León XIV volverá al santuario que marcó su pontificado
El Papa presidirá una misa en Genazzano, donde mantiene un vínculo espiritual con la Madre del Buen Consejo desde décadas atrás
El papa León XIV regresará el próximo 7 de septiembre al Santuario de la Madre del Buen Consejo, en Genazzano, localidad ubicada a unos 40 kilómetros de Roma, para presidir una misa en la víspera de la festividad de la Natividad de la Santísima Virgen María.
La visita tendrá un significado especial para el pontífice, quien acudió al mismo santuario apenas dos días después de su elección, el 10 de mayo de 2025, en lo que fue su primera salida privada como Papa.
La celebración comenzará a las 18:00 horas y reunirá a religiosos agustinos y fieles en este histórico centro de devoción mariana. Durante la jornada también será inaugurado un cuadro que representa a León XIV rezando frente a la imagen de la Virgen, siguiendo una tradición en la que aparecen retratados otros pontífices que visitaron el lugar.
El vínculo de León XIV con la Madre del Buen Consejo se remonta a varias décadas. Antes de llegar al pontificado, visitó el santuario por primera vez como joven estudiante en Roma, a principios de los años 80. Posteriormente regresó en distintas ocasiones durante su trayectoria como religioso agustino, prior general de la orden, obispo de Chiclayo y cardenal.
Incluso antes de su primera aparición pública como pontífice, el 8 de mayo de 2025, León XIV se encontró ante la imagen de la Madre del Buen Consejo mientras rezaba en la Capilla Paulina del Palacio Apostólico.
Durante aquella primera visita como Papa a Genazzano, expresó su deseo de acudir al santuario para encomendar su nueva misión. En el libro de visitas dejó constancia de la importancia que la figura de María ha tenido en su vida espiritual y pidió su acompañamiento en la responsabilidad que acababa de asumir como sucesor de Pedro.
El santuario también posee una historia profundamente ligada a la tradición agustiniana. En el lugar existía desde el siglo XIII una pequeña iglesia dedicada a Santa María.
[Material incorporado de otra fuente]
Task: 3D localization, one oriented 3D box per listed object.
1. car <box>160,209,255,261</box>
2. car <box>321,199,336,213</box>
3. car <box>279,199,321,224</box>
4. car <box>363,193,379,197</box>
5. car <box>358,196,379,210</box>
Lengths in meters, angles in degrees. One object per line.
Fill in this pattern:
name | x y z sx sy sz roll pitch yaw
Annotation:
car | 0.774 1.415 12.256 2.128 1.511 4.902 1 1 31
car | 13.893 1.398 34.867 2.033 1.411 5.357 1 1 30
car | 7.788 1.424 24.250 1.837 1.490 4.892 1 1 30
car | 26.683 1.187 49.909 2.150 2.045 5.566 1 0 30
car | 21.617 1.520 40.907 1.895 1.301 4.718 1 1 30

En 1356, los señores de la familia Colonna confiaron su atención pastoral a los agustinos, quienes posteriormente ampliaron el templo y el convento.
Uno de los episodios centrales de la historia del recinto ocurrió el 25 de abril de 1467, cuando apareció, según la tradición del santuario, una imagen de la Virgen sobre una pared de la iglesia en construcción. Dos peregrinos procedentes de Albania aseguraron reconocerla como la imagen venerada en Shkodër, lo que convirtió al lugar en un importante destino de peregrinación.
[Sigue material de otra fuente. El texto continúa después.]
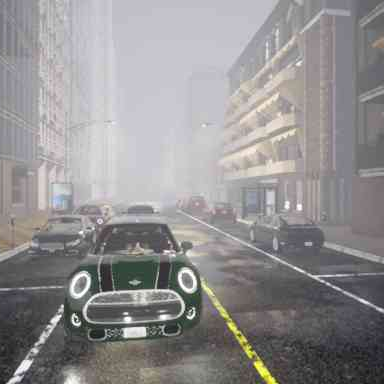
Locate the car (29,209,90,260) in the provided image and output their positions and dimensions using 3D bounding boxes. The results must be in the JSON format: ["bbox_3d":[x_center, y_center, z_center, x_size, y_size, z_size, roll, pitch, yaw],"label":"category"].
[{"bbox_3d":[-4.611,1.551,12.295,2.008,1.369,4.403,0,0,-9],"label":"car"}]

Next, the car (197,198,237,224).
[{"bbox_3d":[1.927,1.443,24.749,1.967,1.590,4.097,0,0,-9],"label":"car"}]

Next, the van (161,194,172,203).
[{"bbox_3d":[-5.038,1.371,69.398,1.690,1.788,3.998,0,0,-9],"label":"van"}]

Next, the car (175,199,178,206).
[{"bbox_3d":[-0.685,1.591,41.493,1.802,1.307,4.206,0,0,-9],"label":"car"}]

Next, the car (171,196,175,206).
[{"bbox_3d":[-1.555,1.593,47.074,1.802,1.307,4.206,0,0,-9],"label":"car"}]

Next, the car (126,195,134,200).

La devoción se extendió durante siglos y el santuario recibió a diversos pontífices, entre ellos Urbano VIII, Pío IX, Juan XXIII y Juan Pablo II. Sus visitas forman parte de la memoria del recinto y están representadas en imágenes dentro de una de sus capillas.
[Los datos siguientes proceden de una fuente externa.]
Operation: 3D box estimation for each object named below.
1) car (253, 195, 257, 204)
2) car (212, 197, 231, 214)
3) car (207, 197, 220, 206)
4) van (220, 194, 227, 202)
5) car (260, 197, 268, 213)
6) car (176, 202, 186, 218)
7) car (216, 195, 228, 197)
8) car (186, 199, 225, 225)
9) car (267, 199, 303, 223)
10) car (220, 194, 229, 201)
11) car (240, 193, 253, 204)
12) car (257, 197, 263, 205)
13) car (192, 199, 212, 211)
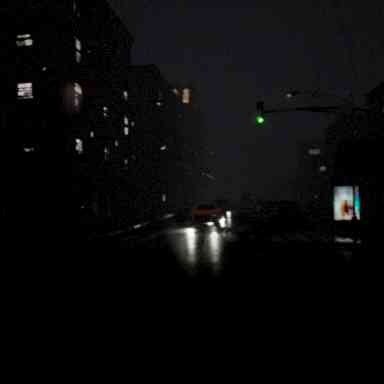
[{"bbox_3d":[12.229,1.540,58.554,2.008,1.369,4.403,-2,0,9],"label":"car"},{"bbox_3d":[2.618,1.566,34.399,2.128,1.511,4.902,-1,0,9],"label":"car"},{"bbox_3d":[3.921,1.685,59.662,1.752,1.417,4.829,-2,0,9],"label":"car"},{"bbox_3d":[8.321,1.555,87.975,1.690,1.788,3.998,-2,0,9],"label":"van"},{"bbox_3d":[8.726,1.541,36.038,1.802,1.307,4.206,-2,0,9],"label":"car"},{"bbox_3d":[-0.431,1.674,31.685,2.008,1.369,4.403,-2,0,9],"label":"car"},{"bbox_3d":[4.227,1.591,44.679,1.837,1.490,4.892,-1,0,9],"label":"car"},{"bbox_3d":[1.114,1.542,24.691,1.882,1.535,5.008,-1,0,10],"label":"car"},{"bbox_3d":[6.971,1.387,24.780,1.967,1.590,4.097,-2,0,9],"label":"car"},{"bbox_3d":[9.195,1.542,93.603,2.192,1.841,5.009,-2,0,9],"label":"car"},{"bbox_3d":[10.371,1.271,63.531,2.150,2.045,5.566,-1,0,9],"label":"car"},{"bbox_3d":[9.601,1.516,41.668,2.008,1.369,4.403,-2,0,9],"label":"car"},{"bbox_3d":[1.320,1.687,42.943,2.008,1.369,4.403,-2,0,9],"label":"car"}]

La próxima visita de León XIV reforzará así una relación que antecede a su elección y que combina su identidad agustiniana con su particular devoción a la Madre del Buen Consejo.
La celebración de septiembre tendrá además un componente simbólico: el nuevo retrato del pontífice orando ante la Virgen quedará incorporado a la tradición iconográfica del santuario, junto con las representaciones de los papas que lo han visitado a lo largo de la historia.